MATERIAL SUPPLIED:

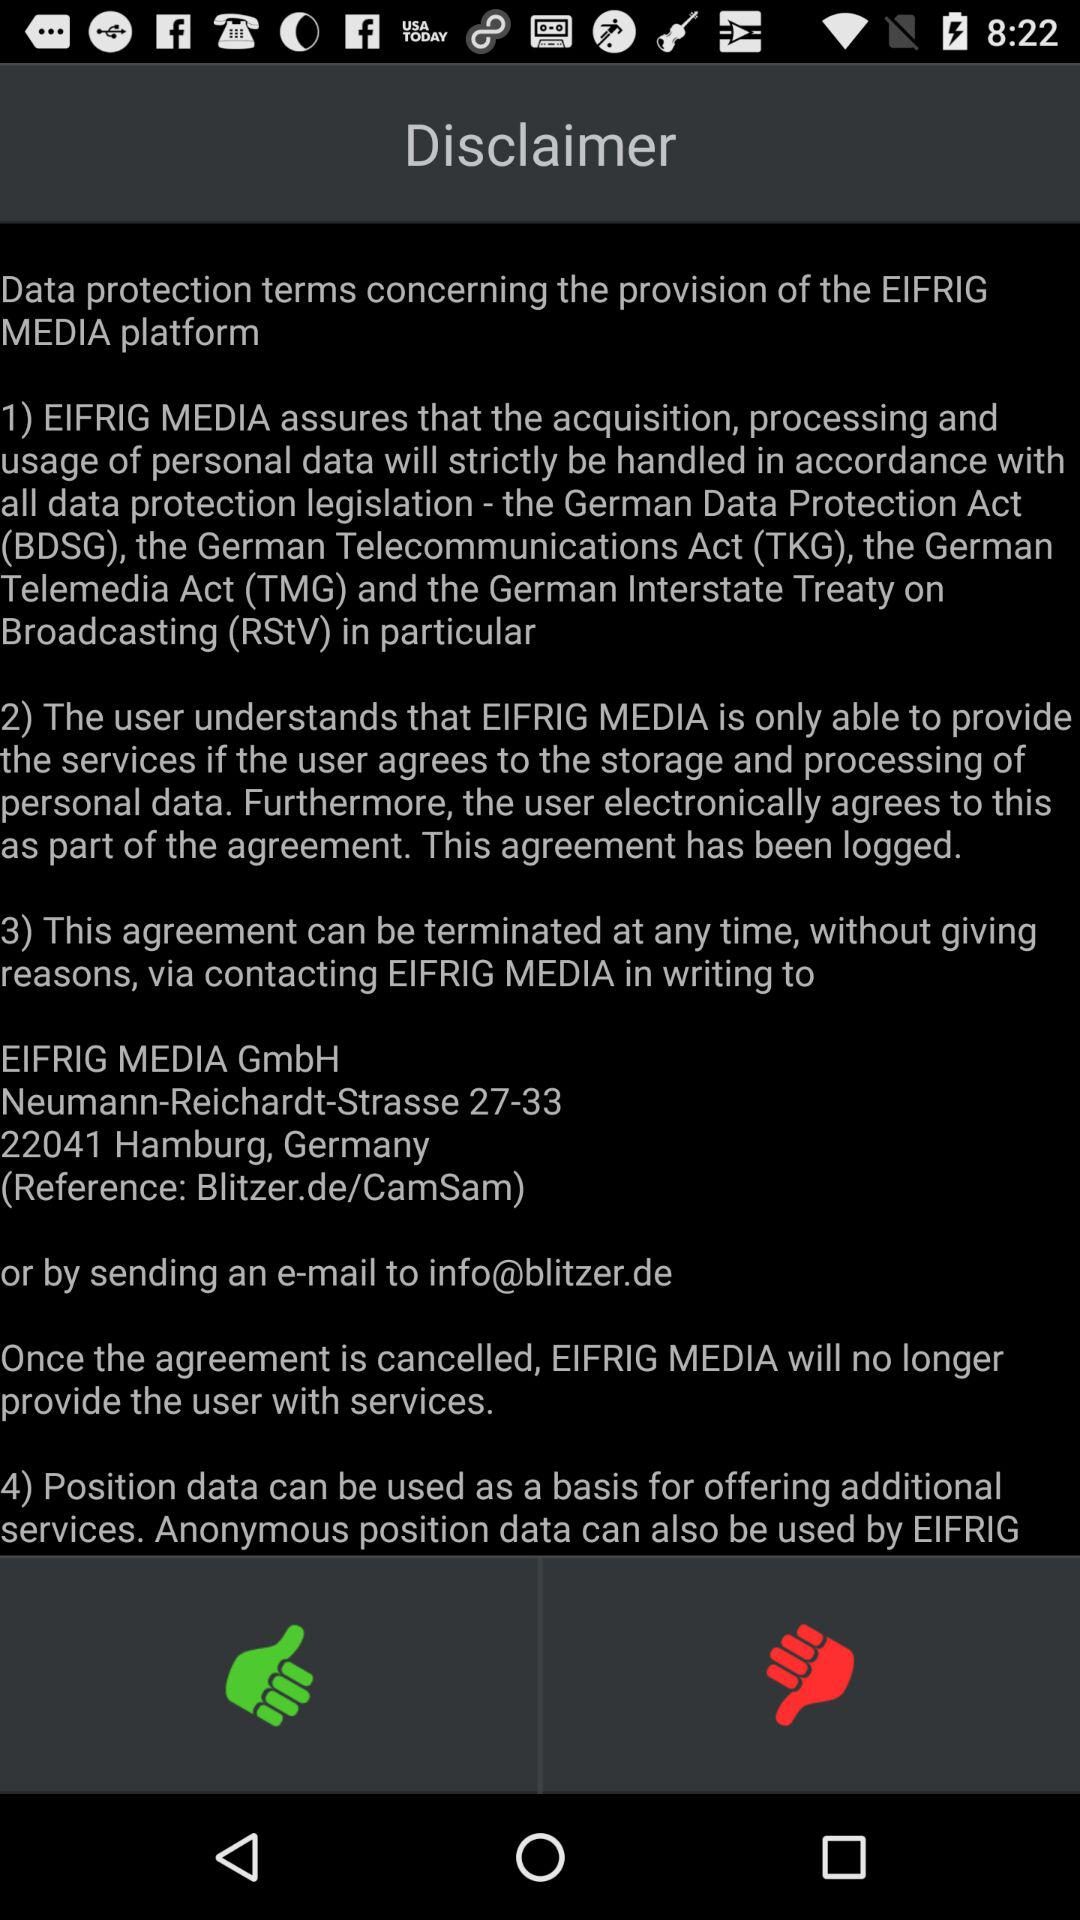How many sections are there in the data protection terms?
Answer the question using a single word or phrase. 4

--

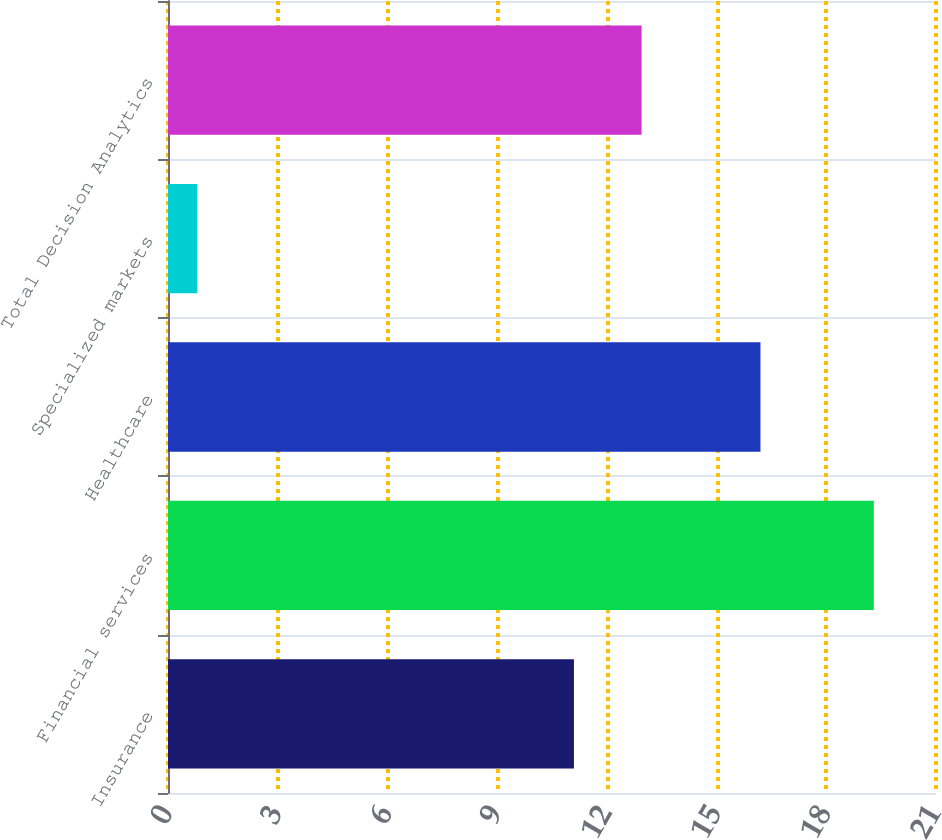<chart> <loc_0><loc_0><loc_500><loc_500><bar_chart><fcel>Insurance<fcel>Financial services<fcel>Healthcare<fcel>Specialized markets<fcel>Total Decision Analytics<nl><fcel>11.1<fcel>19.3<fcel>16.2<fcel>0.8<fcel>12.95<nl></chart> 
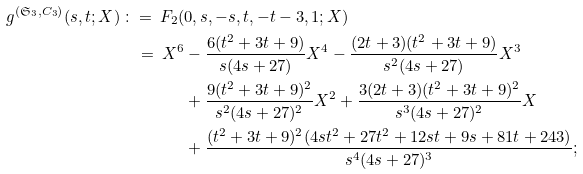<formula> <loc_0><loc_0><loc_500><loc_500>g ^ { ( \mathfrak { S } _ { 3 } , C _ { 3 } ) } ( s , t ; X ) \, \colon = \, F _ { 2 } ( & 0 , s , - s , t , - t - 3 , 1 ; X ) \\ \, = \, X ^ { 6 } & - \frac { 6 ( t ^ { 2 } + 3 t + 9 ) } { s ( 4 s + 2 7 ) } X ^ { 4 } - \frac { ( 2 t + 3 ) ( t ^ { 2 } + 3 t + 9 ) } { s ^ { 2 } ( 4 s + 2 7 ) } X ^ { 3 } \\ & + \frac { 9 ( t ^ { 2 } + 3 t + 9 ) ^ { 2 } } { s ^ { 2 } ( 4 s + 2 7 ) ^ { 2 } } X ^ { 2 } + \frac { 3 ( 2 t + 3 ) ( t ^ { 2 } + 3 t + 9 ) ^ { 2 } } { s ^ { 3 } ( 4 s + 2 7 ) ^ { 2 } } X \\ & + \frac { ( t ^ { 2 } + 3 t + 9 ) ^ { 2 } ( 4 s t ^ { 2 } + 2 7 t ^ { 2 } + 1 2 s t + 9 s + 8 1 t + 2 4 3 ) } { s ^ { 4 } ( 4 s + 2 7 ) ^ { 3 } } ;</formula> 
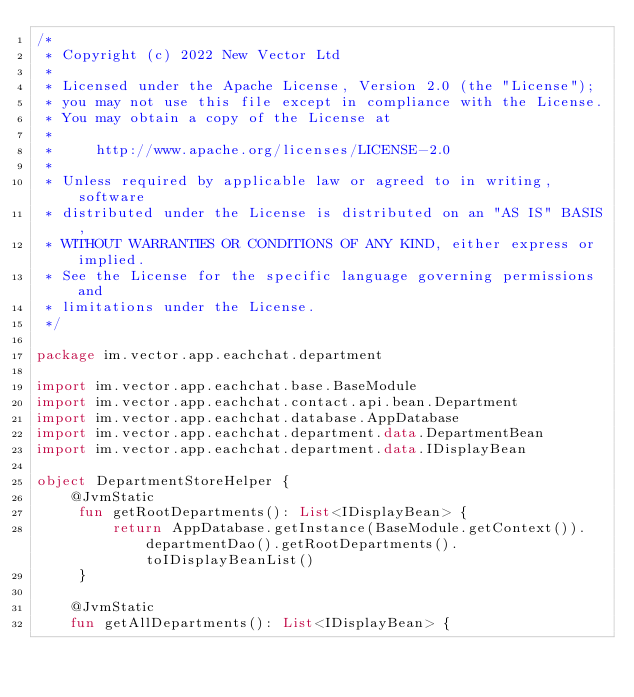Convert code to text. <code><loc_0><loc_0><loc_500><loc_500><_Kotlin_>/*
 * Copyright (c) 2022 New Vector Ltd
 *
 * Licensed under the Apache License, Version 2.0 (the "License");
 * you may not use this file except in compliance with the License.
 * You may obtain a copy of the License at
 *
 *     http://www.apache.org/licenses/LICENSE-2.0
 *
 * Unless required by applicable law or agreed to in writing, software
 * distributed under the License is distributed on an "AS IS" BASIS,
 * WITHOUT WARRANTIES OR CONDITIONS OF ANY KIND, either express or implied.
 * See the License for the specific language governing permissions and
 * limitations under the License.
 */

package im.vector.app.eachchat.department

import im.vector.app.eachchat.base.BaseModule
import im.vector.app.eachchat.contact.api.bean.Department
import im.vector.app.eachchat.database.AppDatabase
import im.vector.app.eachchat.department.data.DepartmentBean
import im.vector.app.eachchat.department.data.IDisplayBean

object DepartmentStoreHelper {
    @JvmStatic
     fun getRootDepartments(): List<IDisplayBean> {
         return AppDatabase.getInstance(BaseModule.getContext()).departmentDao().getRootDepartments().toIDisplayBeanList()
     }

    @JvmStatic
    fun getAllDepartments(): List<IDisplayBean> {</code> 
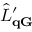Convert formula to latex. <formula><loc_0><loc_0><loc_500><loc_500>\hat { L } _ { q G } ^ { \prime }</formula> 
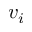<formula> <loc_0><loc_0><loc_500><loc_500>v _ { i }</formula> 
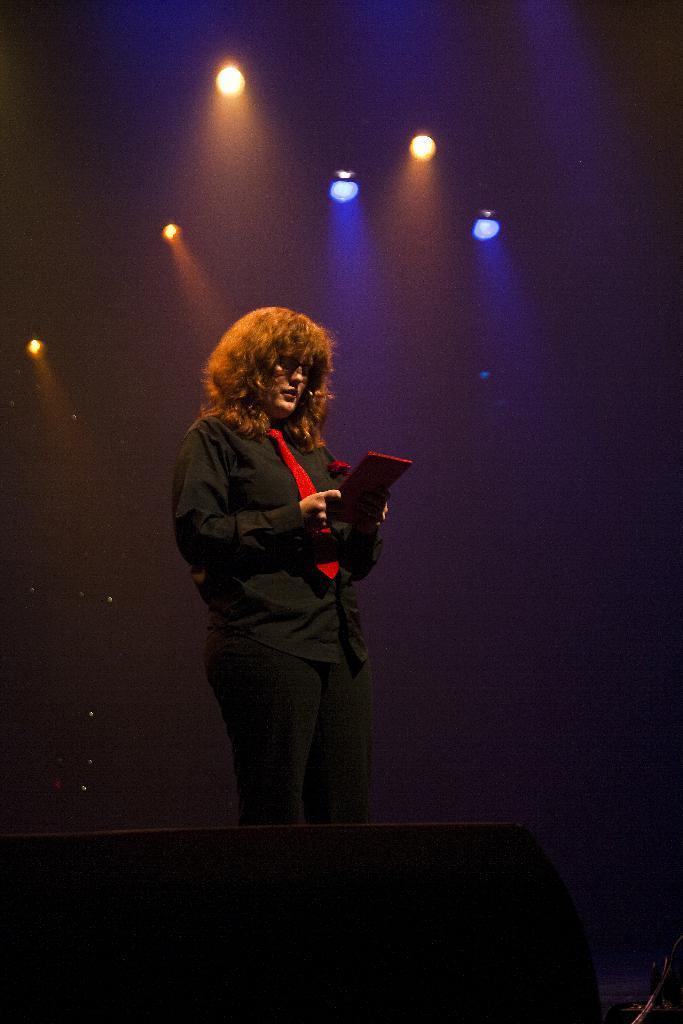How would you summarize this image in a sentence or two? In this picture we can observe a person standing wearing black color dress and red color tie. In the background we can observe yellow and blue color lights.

WORK REQUIRED: The listing above holds a line with "package im.vector.app.eachchat.department" and a line with "fun getRootDepartments(): List<IDisplayBean>". Print the stretch from the first through the second, exactly and alone.

FINAL ANSWER:
package im.vector.app.eachchat.department

import im.vector.app.eachchat.base.BaseModule
import im.vector.app.eachchat.contact.api.bean.Department
import im.vector.app.eachchat.database.AppDatabase
import im.vector.app.eachchat.department.data.DepartmentBean
import im.vector.app.eachchat.department.data.IDisplayBean

object DepartmentStoreHelper {
    @JvmStatic
     fun getRootDepartments(): List<IDisplayBean> {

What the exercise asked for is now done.